Savoring and Saving: Cooking on Vacation

Matt Tracy, 45, a shoe distributor based in Portland, Maine, loves to cook. On a recent multigenerational trip to Tuscany, he and other family members cooked seven out of 10 nights in a rental villa, preparing dishes like wild boar ragù for 10 people, including his children, 6 and 9.

​ “We save a tremendous amount of money cooking,” he said. “We love going out to dinner, but with two kids and other guests it’s expensive.”

​Whether catering to allergies or other dietary needs, ensuring family harmony or sticking to a budget, cooking on vacation is increasingly popular among travelers choosing short-term rental accommodations.

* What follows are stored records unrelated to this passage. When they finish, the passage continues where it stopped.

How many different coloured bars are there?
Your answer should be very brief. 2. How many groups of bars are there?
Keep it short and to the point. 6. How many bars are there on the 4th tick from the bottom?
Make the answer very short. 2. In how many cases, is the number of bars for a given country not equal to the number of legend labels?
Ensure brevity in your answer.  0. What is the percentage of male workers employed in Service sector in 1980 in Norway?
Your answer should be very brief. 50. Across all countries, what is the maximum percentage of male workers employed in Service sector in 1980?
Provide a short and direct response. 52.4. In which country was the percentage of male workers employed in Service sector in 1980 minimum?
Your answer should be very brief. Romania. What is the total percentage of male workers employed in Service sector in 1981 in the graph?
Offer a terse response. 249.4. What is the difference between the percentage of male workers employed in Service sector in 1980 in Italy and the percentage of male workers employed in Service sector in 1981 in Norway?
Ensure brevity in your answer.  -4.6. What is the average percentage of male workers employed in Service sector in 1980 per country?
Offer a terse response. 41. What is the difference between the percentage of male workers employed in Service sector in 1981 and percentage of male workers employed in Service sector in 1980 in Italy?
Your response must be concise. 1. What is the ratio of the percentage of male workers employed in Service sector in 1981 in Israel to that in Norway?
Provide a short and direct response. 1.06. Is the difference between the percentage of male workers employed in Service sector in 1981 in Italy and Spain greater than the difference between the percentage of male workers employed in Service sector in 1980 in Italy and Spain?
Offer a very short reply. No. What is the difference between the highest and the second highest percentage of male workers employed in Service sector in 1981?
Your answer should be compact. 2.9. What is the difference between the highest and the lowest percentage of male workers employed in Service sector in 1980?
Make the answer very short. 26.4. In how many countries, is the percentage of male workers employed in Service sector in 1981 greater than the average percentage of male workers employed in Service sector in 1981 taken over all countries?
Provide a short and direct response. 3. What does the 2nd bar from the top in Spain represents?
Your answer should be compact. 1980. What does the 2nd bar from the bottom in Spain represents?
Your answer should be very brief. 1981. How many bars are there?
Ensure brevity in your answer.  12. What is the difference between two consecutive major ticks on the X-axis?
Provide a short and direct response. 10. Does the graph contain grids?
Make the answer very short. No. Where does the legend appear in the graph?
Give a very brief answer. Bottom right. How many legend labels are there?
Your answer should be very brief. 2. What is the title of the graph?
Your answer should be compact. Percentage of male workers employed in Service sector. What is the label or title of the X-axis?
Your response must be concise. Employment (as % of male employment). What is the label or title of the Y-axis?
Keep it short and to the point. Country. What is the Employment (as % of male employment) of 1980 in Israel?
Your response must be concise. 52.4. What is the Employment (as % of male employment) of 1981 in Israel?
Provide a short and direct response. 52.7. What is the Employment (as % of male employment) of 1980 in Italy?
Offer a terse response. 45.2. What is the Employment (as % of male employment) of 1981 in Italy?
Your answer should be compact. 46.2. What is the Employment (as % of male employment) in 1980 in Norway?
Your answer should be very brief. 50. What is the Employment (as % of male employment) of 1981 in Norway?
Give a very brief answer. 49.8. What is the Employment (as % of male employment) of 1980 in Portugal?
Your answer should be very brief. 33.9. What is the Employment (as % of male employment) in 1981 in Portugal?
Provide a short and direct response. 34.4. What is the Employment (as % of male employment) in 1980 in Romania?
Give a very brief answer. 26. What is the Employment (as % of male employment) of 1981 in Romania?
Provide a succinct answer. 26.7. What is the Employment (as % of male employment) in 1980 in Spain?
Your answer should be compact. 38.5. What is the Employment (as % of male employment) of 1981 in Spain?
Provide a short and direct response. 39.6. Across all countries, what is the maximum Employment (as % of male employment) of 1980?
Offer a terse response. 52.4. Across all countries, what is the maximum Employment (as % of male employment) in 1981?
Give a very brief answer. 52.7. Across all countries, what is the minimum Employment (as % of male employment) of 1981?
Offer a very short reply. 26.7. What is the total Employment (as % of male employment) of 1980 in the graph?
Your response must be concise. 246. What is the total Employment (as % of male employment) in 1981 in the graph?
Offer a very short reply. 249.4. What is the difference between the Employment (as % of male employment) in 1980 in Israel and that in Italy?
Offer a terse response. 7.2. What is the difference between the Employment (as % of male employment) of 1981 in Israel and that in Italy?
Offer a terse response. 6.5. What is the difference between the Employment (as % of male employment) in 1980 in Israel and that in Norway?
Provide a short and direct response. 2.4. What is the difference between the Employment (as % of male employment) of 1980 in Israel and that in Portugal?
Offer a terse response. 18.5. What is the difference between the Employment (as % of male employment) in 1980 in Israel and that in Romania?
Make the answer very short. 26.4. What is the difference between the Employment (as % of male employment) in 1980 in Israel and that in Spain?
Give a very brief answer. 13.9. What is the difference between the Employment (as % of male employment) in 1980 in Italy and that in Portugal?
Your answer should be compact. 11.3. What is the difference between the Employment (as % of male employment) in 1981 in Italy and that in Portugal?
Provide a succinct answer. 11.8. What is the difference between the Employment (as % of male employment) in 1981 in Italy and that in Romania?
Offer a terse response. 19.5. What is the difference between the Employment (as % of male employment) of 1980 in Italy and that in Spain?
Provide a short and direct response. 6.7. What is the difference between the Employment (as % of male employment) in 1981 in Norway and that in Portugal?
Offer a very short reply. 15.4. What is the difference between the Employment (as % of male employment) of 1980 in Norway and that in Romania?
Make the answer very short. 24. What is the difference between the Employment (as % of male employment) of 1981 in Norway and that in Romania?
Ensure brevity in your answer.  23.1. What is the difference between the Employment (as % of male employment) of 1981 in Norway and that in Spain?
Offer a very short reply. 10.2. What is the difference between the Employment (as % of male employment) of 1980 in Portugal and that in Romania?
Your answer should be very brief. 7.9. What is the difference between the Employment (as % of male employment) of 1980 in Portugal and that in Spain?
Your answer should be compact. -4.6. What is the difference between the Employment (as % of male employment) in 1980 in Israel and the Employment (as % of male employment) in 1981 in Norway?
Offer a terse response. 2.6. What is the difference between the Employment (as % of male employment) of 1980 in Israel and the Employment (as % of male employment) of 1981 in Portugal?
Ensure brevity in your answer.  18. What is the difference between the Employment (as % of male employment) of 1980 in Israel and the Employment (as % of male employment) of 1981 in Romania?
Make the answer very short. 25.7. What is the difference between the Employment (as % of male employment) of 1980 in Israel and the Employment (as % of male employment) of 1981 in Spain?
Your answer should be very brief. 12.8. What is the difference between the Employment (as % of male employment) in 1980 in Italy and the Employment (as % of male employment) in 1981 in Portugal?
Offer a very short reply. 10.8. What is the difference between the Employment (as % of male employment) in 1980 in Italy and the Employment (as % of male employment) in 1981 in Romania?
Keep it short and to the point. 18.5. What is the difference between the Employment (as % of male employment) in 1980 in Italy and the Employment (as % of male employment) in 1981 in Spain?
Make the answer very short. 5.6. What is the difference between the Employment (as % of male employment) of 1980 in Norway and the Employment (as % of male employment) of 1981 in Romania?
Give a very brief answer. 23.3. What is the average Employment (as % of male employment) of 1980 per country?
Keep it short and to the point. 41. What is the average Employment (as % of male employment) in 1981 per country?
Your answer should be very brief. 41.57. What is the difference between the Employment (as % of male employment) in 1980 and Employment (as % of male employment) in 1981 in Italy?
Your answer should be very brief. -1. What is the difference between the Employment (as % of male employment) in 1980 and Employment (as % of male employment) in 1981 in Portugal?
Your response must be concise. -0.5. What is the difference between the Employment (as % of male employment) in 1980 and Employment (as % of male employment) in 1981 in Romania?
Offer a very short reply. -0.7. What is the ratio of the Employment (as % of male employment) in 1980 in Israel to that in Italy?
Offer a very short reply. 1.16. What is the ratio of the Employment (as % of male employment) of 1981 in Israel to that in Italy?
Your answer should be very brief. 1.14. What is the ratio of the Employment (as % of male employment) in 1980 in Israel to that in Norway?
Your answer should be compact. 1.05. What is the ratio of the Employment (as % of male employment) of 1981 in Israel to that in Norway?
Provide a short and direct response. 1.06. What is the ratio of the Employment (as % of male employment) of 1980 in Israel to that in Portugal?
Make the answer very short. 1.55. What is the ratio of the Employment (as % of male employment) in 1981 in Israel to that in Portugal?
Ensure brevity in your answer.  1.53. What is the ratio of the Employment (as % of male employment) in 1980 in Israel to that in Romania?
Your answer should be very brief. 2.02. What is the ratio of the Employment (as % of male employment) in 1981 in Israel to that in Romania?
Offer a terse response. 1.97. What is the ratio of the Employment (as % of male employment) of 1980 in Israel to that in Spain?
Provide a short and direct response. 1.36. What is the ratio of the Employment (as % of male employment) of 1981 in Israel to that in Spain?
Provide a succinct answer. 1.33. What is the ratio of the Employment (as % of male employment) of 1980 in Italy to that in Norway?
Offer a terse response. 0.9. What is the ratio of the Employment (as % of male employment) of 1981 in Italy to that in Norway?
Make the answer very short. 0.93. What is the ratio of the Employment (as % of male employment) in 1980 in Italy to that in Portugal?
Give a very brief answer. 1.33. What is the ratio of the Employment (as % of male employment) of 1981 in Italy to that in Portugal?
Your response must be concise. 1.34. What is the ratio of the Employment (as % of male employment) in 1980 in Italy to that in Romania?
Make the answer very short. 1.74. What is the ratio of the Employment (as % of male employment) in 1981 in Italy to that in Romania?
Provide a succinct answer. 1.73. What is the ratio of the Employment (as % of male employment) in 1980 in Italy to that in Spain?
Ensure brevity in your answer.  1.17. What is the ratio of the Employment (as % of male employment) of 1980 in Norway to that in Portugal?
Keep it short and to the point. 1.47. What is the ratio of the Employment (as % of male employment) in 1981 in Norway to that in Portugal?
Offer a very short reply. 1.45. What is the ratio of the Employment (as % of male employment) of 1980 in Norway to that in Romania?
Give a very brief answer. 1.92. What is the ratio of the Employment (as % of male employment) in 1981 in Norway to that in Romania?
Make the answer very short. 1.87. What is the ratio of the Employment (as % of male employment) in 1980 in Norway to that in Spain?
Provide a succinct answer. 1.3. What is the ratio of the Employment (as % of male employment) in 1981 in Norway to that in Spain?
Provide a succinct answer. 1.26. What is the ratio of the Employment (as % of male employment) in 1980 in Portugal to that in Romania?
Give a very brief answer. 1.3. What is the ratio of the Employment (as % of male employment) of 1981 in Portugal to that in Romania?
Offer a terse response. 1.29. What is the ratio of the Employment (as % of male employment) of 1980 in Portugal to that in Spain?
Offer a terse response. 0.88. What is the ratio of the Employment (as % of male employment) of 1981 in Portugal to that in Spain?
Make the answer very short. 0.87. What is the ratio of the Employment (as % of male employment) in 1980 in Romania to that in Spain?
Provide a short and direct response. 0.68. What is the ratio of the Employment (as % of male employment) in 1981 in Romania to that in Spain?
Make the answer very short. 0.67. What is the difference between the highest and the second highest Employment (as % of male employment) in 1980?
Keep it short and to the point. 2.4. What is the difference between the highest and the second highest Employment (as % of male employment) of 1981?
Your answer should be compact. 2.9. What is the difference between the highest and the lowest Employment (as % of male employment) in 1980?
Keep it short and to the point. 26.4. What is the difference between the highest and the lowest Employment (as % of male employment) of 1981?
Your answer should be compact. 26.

According to a 2023 travel trend report from the vacation rental platform Vrbo, demand for “foodie-menities” is on the rise. Sixty-five percent of users surveyed said equipment like a barbecue, air fryer and deluxe coffee machine were more important than the destination. Nearly half cook to reduce costs.

At Airbnb, “kitchen” is the third most searched amenity among rentals after pools and Wi-Fi. The rental platform made it easy to find accommodations with “chef’s kitchens” when it introduced various lodging categories in May 2022.

“The kitchen tends to be the heart and soul of vacation homes,” wrote Josh Viner, a regional operations director at the vacation rental home platform Vacasa, in an email. It is in the kitchen, he notes, that “guests gather to not only have a delicious, home-cooked meal, but also connect and relax.”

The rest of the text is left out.